Cooking Tips for the Best Farro Soup:
- Rinse your farro: Before adding the farro to the soup, rinse it under cold water to remove any excess starch. This will help prevent the soup from becoming too thick.
- Don't overcook the farro: Farro should be tender but still have a slight bite. Overcooked farro can become mushy.
- Add other vegetables: Feel free to add other vegetables to your soup, such as zucchini, bell peppers, or mushrooms.
- Make it a complete protein: Add cooked chicken, chickpeas, or lentils for a more protein-rich meal.
Variations:
- Lemon Farro Soup: Add the zest and juice of one lemon at the end of cooking for a bright and zesty twist.
- Spicy Farro Soup: Increase the amount of red pepper flakes or add a pinch of cayenne pepper for extra heat.
- Creamy Farro Soup: Stir in a splash of heavy cream or coconut milk before serving for a richer, creamier texture.

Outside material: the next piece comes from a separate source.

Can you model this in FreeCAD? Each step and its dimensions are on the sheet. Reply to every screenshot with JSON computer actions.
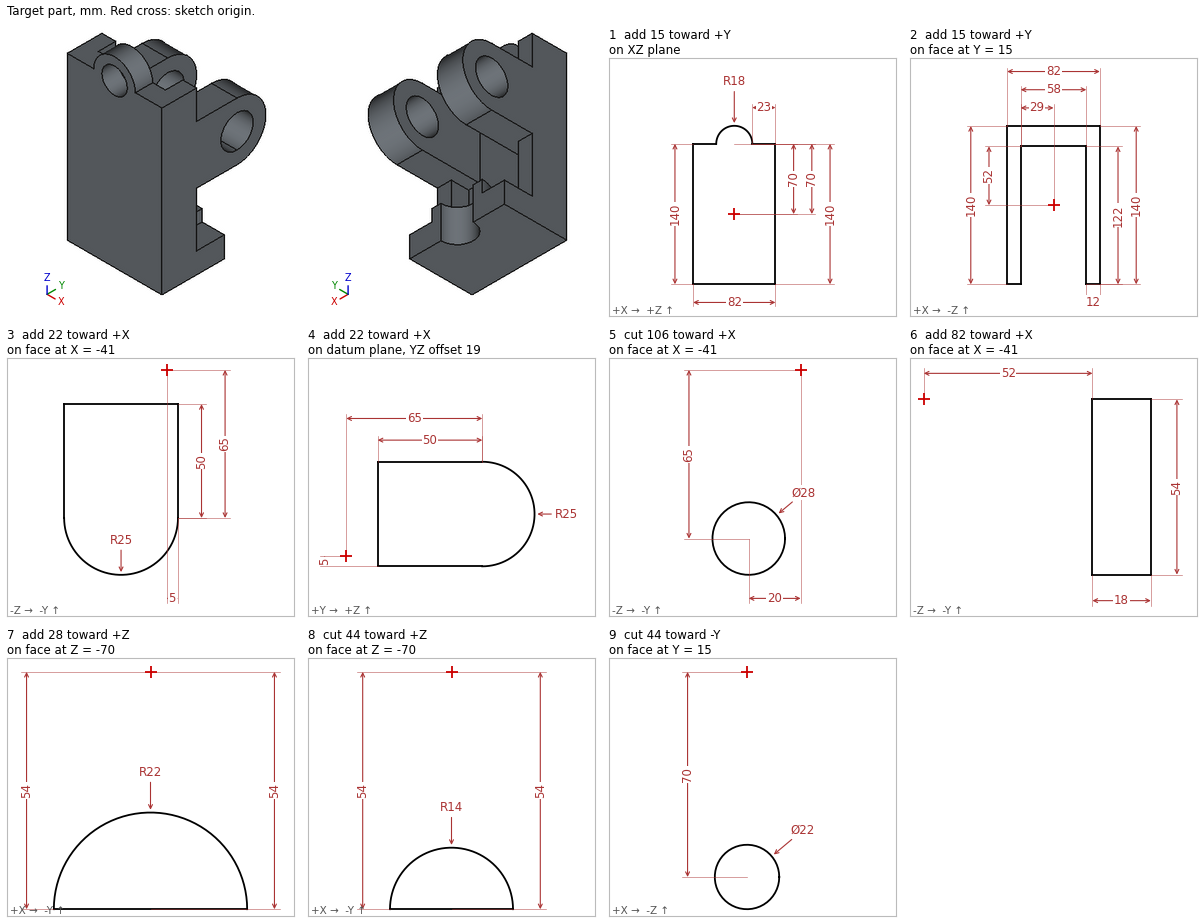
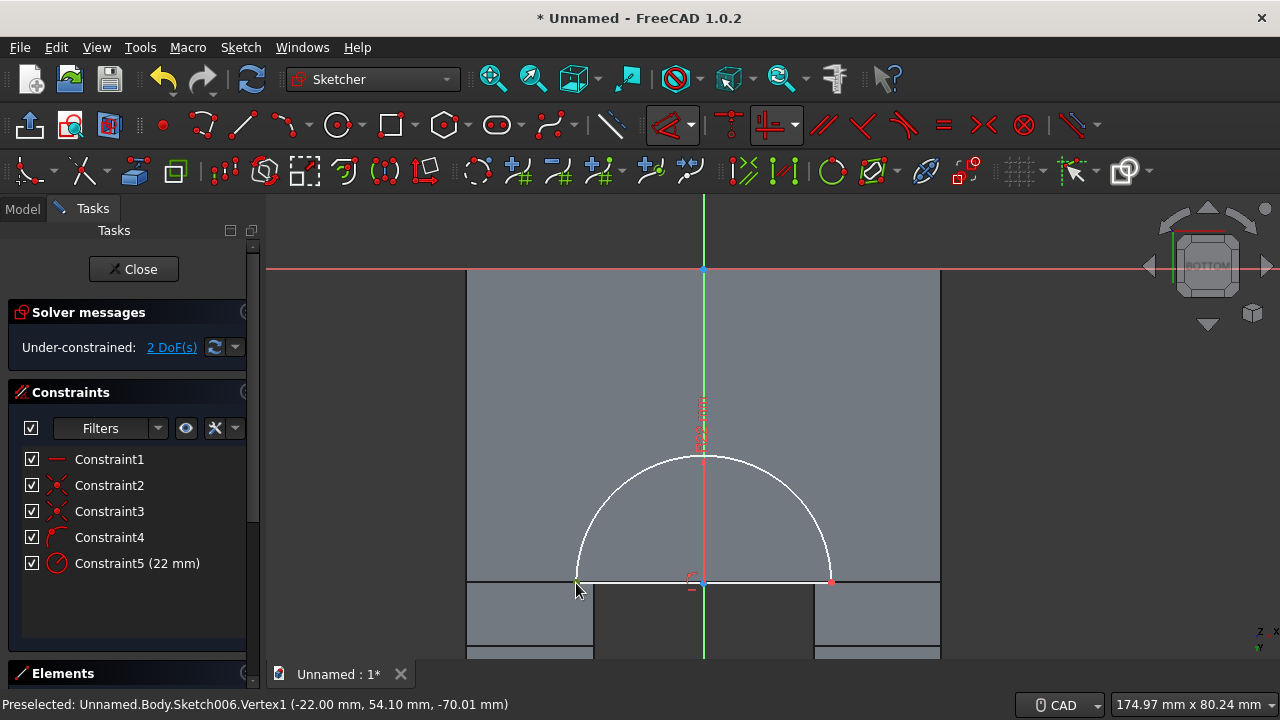
{"action": "key", "text": "i"}

Nutritional Information (per serving, approximate):
- Calories: Approximately 300-350
- Protein: 10-12 grams
- Fiber: 8-10 grams
This delicious and healthy farro soup is a perfect example of quick dinner ideas that are both satisfying and nutritious. The recipe is easily adaptable to your taste and dietary needs, making it a versatile addition to your homemade cooking repertoire. Enjoy this best recipe and impress your family and friends with your culinary skills!